This article appeared originally in German in Der Spiegel: Das Golfstromsystem macht schlapp

269 Responses to “New studies confirm weakening of the Gulf Stream circulation (AMOC)”

  1. 251
    nigelj says:

    I am a layperson, but I do have a copy of my old physical geography text “Atmosphere, Weather and Climate” Barry and Chorley, 1971 edition, reprinted 1975, and the chapter on climate change makes no mention of some consensus view that cooling was coming, or anything like that, It did not even mention one study predicting cooling. If there was a consensus of some sort they would have mentioned it.It did discuss all the various related issues. I do realise this is near the middle of the flat period of temperatures, and things might have changed a bit subsequently, but it gives some indication to that point.

    The whole thing was obviously just media hype based on the views of a minority of scientists, amply demonstrated by the research study by Peterson 2008 which has never been adequately rebuted. I might pay attention if the denialists actually published a study, but we all know its not going to happen because they have nothing of substance to add.

  2. 252
    Al Bundy says:

    vic: I never claimed “an overwhelming scientific consensus” for cooling or anything else. All I did was post some excerpts

    AB: Ah, the “I’m not a perv/racist/denier/whatever. I just retweeted a perv/racist/denier/whatever” defense!

    It’s true that folks repeat stuff not only to support, but alternatively to ridicule via parody. But somehow I don’t see you on Stephen Colbert’s level…

    And I was there, too. I never heard anything remotely resembling what you describe. I kept hearing: “If humans weren’t here the planet would probably be heading into a glaciation, but human GHG emissions will at least lessen it, might prevent it, and might result in an increase in global temperatures. We just don’t know.”

    That was quite quickly replaced with, “Things are going to warm up. Now we have to figure out how much and what that means to the biosphere.”

    I am rather mystified that you think that you have a point. There was a question. Folks squabbled and postured and pontificated. Those who were wrong either died or pretended they were really always right, I mean, if you look at it properly.

    That’s what humans do.

    If your point is that folks act like people always have, then Whoop Dee Doo.

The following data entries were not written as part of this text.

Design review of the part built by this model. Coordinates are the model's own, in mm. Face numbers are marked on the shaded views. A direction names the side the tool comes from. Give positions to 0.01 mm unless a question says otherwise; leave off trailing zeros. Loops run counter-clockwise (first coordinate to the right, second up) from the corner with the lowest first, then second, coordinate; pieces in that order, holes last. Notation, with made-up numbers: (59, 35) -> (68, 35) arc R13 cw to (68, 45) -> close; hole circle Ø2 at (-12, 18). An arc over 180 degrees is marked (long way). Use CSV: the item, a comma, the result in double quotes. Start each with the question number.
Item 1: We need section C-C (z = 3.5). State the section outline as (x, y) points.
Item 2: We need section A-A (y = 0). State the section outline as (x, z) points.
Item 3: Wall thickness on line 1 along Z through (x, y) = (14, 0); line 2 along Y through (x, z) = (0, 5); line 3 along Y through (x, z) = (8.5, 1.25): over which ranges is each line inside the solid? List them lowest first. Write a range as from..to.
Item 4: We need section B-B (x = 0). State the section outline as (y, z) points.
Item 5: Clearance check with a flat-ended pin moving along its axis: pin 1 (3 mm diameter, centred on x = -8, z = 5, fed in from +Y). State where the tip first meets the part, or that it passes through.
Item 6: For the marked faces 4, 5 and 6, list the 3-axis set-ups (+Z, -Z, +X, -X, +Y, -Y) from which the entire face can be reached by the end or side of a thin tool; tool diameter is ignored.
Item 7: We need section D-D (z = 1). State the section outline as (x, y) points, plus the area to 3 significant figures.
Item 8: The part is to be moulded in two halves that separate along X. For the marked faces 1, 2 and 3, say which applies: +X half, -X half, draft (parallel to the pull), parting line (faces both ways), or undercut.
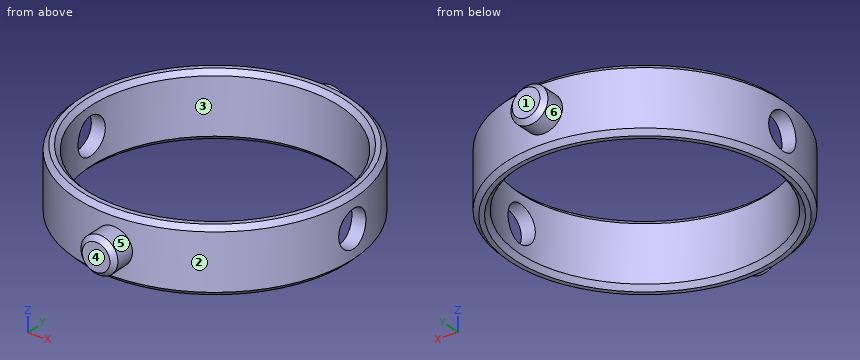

    If your point is that since people squabble today the dead losers of yesteryear who you agree with must have been right then no, it means you are as useful as a dead loser.

  3. 253
    John Pollack says:

    Victor @247 “Please learn to read before letting your assumptions run away with you. I never claimed ‘an overwhelming scientific consensus’ for cooling or anything else. All I did was post some excerpts from an article by Angus McFarlane. He’s the one who made the claim, not I. I have no idea whether or not there was ever a “scientific consensus” for cooling, nor do I care.”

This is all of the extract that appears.